▶ _TASK MATERIAL_:
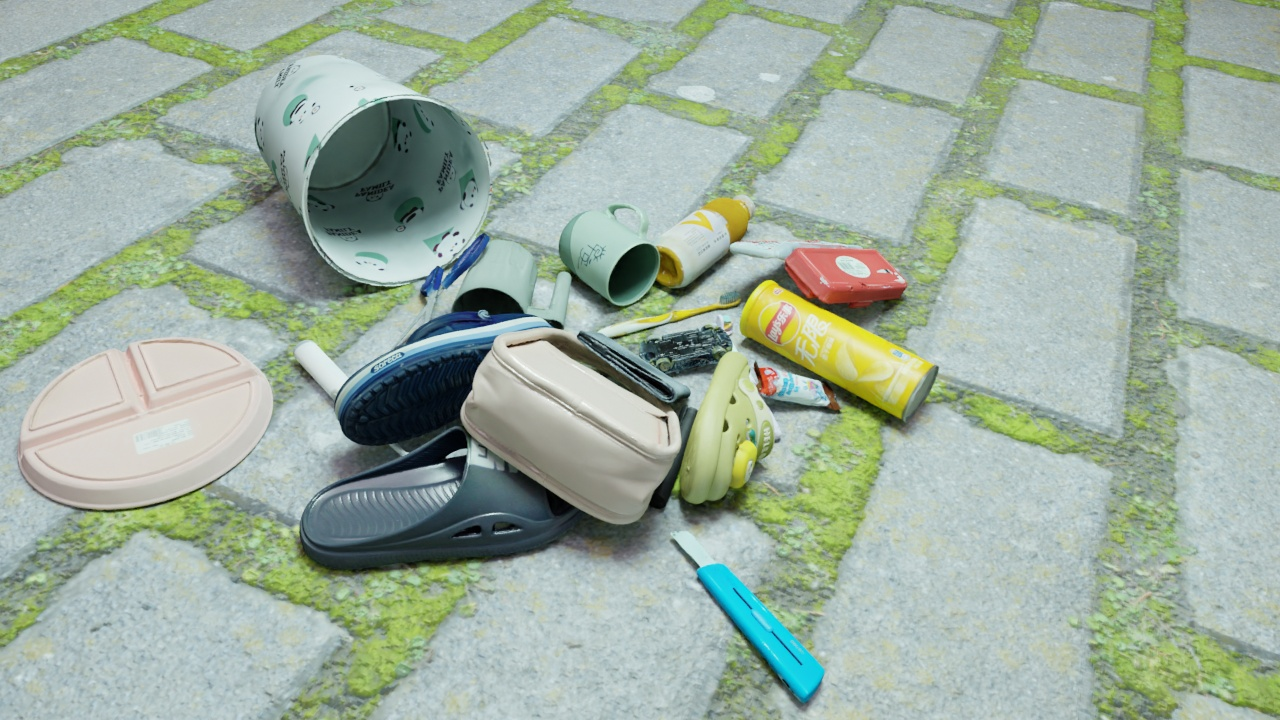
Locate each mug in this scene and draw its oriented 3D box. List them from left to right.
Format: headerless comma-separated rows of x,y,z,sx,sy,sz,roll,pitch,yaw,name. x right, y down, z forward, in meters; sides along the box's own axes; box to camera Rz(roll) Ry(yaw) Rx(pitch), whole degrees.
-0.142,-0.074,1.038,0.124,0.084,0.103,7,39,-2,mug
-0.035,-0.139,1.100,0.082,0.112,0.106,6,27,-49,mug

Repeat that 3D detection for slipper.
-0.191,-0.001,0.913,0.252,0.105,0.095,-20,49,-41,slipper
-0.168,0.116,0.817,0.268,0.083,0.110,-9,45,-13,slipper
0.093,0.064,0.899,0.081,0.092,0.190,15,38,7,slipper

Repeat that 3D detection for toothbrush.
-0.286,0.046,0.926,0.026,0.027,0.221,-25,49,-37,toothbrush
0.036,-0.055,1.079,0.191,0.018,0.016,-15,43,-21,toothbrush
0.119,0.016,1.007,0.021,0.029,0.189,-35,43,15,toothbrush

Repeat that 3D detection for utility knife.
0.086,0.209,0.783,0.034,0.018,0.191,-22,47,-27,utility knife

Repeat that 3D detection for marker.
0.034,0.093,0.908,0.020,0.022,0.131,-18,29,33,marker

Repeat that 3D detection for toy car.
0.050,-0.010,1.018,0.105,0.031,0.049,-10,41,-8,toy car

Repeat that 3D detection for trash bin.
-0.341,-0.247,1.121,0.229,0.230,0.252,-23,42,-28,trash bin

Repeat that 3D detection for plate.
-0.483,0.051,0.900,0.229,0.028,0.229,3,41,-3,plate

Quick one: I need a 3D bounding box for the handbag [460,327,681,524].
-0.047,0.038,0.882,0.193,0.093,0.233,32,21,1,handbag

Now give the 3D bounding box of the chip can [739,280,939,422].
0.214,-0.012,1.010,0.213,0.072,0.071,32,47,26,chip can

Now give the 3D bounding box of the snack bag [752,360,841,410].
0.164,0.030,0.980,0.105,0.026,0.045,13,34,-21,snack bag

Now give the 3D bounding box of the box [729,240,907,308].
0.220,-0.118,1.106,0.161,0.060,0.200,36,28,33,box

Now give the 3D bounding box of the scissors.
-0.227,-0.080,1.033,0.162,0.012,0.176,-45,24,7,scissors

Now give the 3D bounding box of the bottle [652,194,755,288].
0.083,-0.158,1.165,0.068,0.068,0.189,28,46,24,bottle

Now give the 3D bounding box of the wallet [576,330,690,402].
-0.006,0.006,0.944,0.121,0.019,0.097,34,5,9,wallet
...
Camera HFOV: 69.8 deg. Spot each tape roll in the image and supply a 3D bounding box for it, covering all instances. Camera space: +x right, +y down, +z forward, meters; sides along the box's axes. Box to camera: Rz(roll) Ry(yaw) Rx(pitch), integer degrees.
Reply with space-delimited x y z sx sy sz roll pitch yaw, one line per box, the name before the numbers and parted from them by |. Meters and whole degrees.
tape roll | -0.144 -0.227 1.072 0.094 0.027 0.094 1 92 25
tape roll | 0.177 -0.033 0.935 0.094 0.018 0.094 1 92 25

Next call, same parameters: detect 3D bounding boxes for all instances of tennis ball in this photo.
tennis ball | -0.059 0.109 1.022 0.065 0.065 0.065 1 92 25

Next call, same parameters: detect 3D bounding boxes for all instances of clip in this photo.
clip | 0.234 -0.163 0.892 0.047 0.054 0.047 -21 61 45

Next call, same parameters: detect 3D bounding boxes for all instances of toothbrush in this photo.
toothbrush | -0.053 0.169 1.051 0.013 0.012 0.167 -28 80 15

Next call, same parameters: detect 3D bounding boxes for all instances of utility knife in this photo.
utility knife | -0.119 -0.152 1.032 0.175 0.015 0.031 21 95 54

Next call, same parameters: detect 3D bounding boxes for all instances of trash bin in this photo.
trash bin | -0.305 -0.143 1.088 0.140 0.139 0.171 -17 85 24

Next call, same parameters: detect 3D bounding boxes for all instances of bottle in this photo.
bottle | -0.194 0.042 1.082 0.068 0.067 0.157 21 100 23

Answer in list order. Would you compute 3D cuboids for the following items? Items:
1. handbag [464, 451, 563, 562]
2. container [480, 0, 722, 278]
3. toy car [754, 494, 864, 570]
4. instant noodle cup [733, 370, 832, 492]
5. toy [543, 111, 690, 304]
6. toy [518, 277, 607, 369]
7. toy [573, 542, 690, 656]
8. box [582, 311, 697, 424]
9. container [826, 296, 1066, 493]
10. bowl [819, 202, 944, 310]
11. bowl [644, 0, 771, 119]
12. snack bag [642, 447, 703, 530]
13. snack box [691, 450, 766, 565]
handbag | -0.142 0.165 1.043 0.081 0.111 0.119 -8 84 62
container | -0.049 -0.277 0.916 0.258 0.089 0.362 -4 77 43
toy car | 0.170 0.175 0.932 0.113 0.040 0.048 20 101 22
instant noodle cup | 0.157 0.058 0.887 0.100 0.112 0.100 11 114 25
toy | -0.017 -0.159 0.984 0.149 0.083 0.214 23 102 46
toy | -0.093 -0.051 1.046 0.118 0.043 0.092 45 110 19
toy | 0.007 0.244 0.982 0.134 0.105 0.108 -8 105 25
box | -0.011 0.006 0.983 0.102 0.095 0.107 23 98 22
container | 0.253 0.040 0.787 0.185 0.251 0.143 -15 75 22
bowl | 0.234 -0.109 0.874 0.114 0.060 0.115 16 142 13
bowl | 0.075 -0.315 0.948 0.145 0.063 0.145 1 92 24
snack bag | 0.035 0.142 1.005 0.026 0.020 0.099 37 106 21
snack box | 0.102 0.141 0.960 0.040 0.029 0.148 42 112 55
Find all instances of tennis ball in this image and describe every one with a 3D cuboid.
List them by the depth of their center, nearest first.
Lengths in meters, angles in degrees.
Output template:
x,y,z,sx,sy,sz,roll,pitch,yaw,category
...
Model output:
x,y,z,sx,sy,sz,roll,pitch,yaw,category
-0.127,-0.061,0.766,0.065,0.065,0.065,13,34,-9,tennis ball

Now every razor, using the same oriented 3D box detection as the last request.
* * *
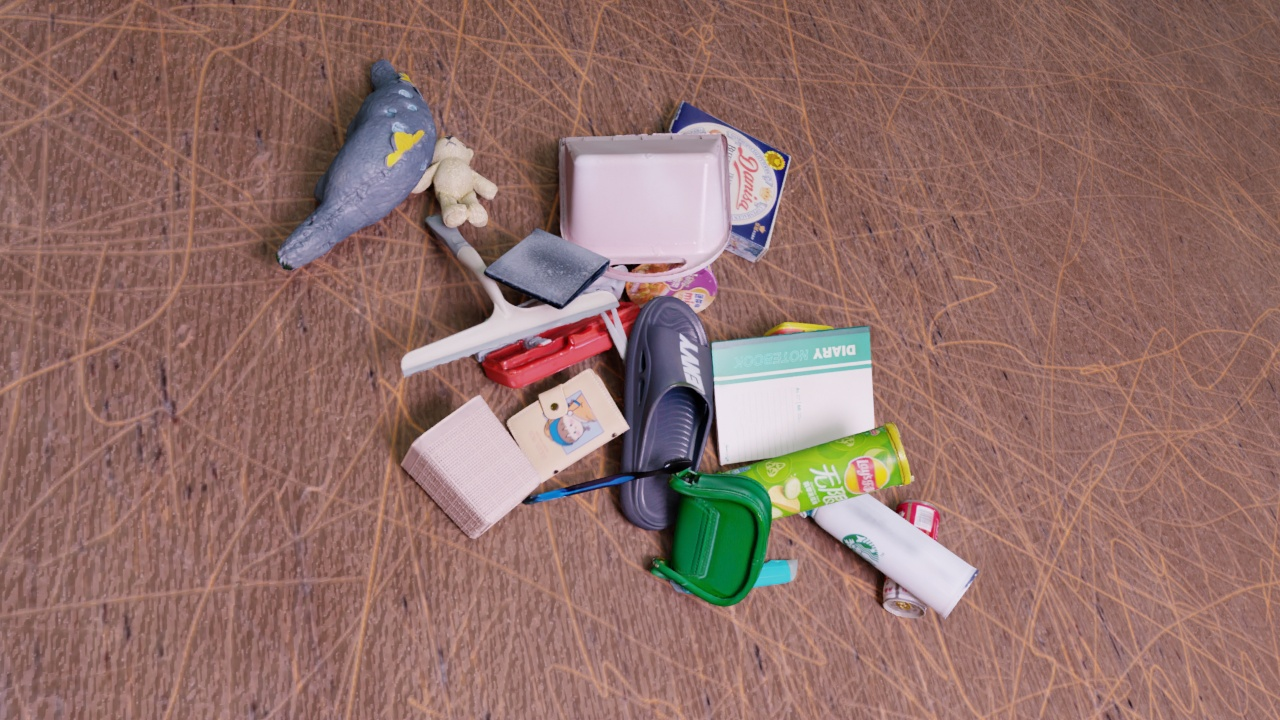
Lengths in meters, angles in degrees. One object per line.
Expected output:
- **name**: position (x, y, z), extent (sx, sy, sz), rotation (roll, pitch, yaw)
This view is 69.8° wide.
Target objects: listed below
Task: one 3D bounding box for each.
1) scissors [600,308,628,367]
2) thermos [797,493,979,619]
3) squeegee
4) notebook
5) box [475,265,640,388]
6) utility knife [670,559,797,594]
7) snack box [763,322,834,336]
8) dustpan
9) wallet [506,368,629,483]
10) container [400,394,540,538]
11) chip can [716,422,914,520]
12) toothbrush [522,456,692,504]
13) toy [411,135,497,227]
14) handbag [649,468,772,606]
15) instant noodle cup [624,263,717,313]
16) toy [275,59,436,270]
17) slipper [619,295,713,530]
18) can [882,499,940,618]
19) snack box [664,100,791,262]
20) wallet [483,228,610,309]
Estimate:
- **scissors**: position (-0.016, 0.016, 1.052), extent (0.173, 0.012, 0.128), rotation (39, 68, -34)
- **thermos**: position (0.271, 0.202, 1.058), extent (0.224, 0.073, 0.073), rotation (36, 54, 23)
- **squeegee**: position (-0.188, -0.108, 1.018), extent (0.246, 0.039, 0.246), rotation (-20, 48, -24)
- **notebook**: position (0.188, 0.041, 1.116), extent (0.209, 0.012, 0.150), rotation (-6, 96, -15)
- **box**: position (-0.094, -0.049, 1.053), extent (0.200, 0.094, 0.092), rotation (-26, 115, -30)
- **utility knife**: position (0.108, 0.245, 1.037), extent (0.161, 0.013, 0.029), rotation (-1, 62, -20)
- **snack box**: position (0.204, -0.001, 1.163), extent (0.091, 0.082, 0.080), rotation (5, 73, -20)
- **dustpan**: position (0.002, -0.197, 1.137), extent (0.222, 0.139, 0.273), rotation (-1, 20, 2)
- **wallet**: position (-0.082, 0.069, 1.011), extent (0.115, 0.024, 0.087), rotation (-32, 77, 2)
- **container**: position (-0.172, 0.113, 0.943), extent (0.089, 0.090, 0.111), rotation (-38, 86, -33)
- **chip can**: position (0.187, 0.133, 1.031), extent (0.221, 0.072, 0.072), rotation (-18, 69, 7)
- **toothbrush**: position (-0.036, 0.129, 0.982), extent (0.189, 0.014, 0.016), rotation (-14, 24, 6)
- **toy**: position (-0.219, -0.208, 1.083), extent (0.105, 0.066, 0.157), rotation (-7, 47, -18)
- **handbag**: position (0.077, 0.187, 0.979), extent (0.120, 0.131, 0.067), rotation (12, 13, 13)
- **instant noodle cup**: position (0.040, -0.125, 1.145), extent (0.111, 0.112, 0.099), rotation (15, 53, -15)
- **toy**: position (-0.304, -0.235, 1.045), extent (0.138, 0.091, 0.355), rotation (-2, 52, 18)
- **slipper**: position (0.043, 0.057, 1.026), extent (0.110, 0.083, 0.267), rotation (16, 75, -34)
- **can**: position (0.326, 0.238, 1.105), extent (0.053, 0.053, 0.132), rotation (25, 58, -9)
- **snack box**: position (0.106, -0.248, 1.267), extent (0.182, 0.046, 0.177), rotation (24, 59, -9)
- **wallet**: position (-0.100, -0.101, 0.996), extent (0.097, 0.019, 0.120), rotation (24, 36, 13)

▶ _TASK DIRECTIONS_:
Every line with the string "oriented" in the material should be returned.

▶ _TASK OUTPUT_:
Locate each mug in this scene and draw its oriented 3D box. List them from left to right.
Now every razor, using the same oriented 3D box detection as the last request.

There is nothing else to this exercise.